Resilient Baseband Processing in Virtualized RANs with Slingshot
- Nikita Lazarev ,
- Tao Ji ,
- Anuj Kalia ,
- Daehyeok Kim ,
- Ilias Marinos ,
- Francis Y. Yan ,
- Christina Delimitrou ,
- Zhiru Zhang ,
- Aditya Akella
ACM Special Interest Group on Data Communication Conference (SIGCOMM ’23) |
In cellular networks, there is a growing adoption of virtualized radio access networks (vRANs), where operators are replacing the traditional specialized hardware for RAN processing with software running on commodity servers. Today’s vRAN deployments lack resilience, since there is no support for vRAN failover or upgrades without long service interruptions. Enabling these features for vRANs is challenging because of their strict real-time latency requirements and black-box nature.
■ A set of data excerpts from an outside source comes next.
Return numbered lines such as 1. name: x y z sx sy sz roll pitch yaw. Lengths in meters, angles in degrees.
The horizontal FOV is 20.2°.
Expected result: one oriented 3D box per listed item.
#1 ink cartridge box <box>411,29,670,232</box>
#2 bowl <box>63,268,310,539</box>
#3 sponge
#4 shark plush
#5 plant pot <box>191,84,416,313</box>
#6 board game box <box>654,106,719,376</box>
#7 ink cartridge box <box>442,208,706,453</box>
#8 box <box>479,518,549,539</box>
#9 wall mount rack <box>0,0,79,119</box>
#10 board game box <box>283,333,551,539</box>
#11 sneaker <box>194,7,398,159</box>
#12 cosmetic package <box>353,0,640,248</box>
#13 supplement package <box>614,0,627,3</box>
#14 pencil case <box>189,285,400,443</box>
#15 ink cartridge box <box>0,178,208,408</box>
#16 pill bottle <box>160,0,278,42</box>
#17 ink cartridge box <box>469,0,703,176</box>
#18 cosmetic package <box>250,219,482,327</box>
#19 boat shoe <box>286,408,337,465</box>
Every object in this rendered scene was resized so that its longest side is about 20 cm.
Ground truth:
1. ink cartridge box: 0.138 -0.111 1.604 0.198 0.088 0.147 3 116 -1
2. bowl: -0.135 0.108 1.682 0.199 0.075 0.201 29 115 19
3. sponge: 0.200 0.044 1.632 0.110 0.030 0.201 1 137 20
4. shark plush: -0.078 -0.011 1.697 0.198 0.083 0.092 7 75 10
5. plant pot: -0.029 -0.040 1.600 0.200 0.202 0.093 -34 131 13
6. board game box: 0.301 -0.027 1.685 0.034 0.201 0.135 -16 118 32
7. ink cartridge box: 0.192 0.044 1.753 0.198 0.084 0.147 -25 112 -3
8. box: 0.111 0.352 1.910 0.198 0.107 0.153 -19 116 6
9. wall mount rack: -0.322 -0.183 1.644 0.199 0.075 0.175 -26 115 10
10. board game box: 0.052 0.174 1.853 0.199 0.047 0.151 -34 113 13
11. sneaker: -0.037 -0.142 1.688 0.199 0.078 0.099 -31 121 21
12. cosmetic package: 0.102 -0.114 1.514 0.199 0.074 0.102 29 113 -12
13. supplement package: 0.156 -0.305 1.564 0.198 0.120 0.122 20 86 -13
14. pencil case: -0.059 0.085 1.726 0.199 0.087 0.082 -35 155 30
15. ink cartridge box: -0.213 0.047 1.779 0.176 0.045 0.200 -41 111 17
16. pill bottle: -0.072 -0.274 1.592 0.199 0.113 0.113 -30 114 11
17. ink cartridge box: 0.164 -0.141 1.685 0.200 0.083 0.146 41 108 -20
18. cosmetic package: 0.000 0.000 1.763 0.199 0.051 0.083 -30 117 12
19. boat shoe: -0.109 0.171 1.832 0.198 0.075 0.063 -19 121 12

Slingshot is a new system that transparently provides resilience for the vRAN’s most performance-critical layer: the physical layer (PHY). We design new techniques for realtime workload migration with fast RAN protocol middleboxes, and realtime RAN failure detection. A key insight in our design is to view the transient disruptions from resilience events to RAN computation state and I/O similarly to regular wireless signal impairments, and leverage the inherent resilience of cellular networks to these events. Experiments with a state-of-the-art 5G vRAN testbed show that Slingshot handles PHY failover with no disruption to video conferencing, and under 110 ms of disruption to a TCP connection, and it also enables zero-downtime upgrades.